**THE TASK**
Give back every entry exactly as it is written, but not the pictures.

• • •

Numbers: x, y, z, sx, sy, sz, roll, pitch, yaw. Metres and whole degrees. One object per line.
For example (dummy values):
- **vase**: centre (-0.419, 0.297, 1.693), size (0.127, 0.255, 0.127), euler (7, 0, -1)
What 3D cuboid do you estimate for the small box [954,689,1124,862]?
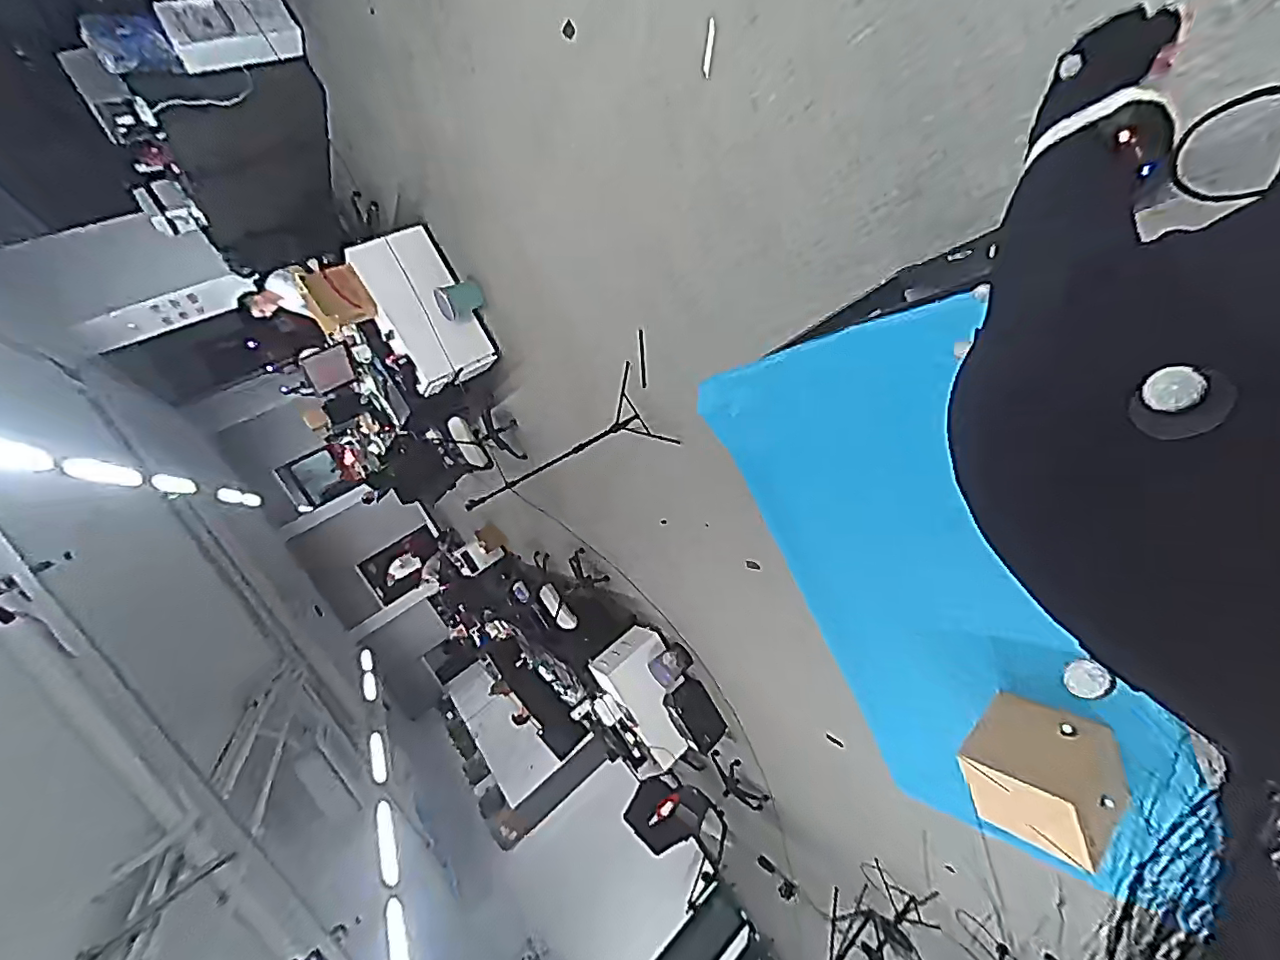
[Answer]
- **small box**: centre (0.696, 0.510, 0.947), size (0.179, 0.176, 0.168), euler (0, 120, 59)

• • •

**SOLUTION TO THE EXERCISE**
Numbers: x, y, z, sx, sy, sz, roll, pitch, yaw. Metres and whole degrees. One object per line.
For example (dummy values):
- **vase**: centre (-0.419, 0.297, 1.693), size (0.127, 0.255, 0.127), euler (7, 0, -1)
What 3D cuboid do you estimate for the small box [954,689,1124,862]?
[Answer]
- **small box**: centre (0.696, 0.510, 0.947), size (0.179, 0.176, 0.168), euler (0, 120, 59)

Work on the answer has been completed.